Поэт отказался бежать сам, чтобы таким образом спасти сына. Грокко часто проходил мимо часовни, расположенной вровень с землей, и видел в окно Жерара, так что, если бы тот вдруг бежал, то погоня за ним не заставила бы себя долго ждать. Оставаясь же на месте, отец прикрывал исчезновение сына, чье бегство также во многом зависело от удачи, а путь к спасению обещал быть долгим и трудным.

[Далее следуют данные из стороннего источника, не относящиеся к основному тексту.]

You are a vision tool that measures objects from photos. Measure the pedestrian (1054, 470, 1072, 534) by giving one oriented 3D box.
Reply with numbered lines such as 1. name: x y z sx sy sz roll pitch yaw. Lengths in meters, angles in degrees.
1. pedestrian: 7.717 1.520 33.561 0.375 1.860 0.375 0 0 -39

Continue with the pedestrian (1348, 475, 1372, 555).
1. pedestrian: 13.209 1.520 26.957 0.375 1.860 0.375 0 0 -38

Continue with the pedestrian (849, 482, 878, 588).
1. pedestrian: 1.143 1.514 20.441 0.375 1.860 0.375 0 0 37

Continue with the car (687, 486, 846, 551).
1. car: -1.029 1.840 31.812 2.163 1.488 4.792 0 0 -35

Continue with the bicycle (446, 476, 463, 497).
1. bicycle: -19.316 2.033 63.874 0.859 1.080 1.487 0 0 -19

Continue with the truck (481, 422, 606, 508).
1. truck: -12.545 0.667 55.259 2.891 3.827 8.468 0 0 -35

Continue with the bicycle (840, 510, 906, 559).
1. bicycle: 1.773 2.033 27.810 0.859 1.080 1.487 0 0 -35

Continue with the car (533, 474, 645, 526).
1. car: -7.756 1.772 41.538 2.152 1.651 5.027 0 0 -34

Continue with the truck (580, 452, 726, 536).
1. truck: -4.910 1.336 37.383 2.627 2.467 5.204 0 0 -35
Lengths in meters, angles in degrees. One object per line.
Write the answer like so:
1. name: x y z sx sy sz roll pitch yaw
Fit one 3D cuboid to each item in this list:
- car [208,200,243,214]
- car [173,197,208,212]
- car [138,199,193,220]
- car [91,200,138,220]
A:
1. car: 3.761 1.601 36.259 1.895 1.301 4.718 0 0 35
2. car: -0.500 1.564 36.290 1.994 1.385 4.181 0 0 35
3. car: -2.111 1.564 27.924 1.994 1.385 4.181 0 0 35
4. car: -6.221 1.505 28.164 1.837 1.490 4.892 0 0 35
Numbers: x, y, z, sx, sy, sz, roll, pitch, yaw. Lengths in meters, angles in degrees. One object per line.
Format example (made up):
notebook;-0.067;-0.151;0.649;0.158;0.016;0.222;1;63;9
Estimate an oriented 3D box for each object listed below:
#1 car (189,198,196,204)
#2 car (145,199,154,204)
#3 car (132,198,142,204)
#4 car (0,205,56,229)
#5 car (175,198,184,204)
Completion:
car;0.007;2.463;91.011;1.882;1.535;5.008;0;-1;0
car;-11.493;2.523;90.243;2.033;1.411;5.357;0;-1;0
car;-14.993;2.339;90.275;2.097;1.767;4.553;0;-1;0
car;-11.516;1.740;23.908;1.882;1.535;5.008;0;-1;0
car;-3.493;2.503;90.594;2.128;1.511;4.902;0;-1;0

Грокко опасался, как бы его пленники в стремлении вырваться на волю не снеслись с кем-либо на стороне, и потому всегда строго следил за тем, чтобы у них не было ни перьев, ни карандашей.
Пьянкастелли нарушил на время сей запрет и предоставил узнику возможность написать Клотильде записку о вручении определенной суммы женщине, которая приведет к ней Флорана. На следующий день, еще до рассвета, снабженная письмом Марта ушла вместе с ребенком, укрывая его своим плащом.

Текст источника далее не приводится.